И тут именно навалилась болезнь, сделалось трудно глотать, и все словно рухнуло в пропасть, ничего не стало – ни дня, ни ночи, ни папы, ни мамы, ни Лельки, а лишь тьма, жажда, духота, неподвижность. Один он (опять-таки спина его) слабо шевелился в своей серой поддевке, тяжело, старчески шмурыгал глубокими теплыми калошами и все уходил, уходил… А я старался догнать его, но ватные ноги не двигались, и я кричал в отчаянии, однако крик не получался.
Так продолжалось – уже и не знаю сколько – много ночей и дней: серая спина, потемки, снег рычит под глубокими, тяжелыми калошами… Но иногда он исчезал. И тогда яркий свет больно бил в глаза, и я видел склонившееся надо мною незнакомое бледное лицо с синими щеками, очки в металлической оправе. Затем что-то холодное, твердое стучало о зубы, разжимало их, и в рот, в глотку лезла, глубоко втыкаясь, черная, остро пахнущая йодом палочка. И я кричал, прикусывал ее, давился ею… И вдруг снова наступали сумерки, и снова сутулилась серая поддевка, шмурыгали калоши…

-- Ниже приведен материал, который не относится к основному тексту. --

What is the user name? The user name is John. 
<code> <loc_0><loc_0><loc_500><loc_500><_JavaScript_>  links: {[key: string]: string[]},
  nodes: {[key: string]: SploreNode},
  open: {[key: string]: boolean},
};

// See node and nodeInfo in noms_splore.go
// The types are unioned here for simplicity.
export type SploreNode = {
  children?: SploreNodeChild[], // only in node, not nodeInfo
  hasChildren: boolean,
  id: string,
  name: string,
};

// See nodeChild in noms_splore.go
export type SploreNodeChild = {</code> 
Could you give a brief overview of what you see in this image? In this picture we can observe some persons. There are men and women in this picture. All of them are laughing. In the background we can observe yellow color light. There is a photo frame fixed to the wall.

Выздоровел я сразу, как-то без постепенного перехода от болезни к здоровью. Стала зима, светло от снега. За белым окном, во дворе, кричала ворона. Первые мои слова были:
– Есть хочу…
И еще будто бы спросил:
– А где Толстой?
Конечно, этого я не помню, но так мне, уже взрослому, рассказывала мама.
Однако откуда взялись в моем воображении эти глубокие калоши, эта поддевка, эта плоско, смутно очерченная фигура одиноко уходящего старика? Уже юношей, в двадцатых, кажется, годах, листая какой-то старый журнал, увидел серенькую, слепо напечатанную фотографию: по снежному полю идет он, уходит от зрителя куда-то старик из тех затерявшихся в потемках времени детских снов, какие так прочно и глубоко отпечатались в памяти, что вот уж шестьдесят с лишним прошло, а все помню, будто вчера лишь привиделось.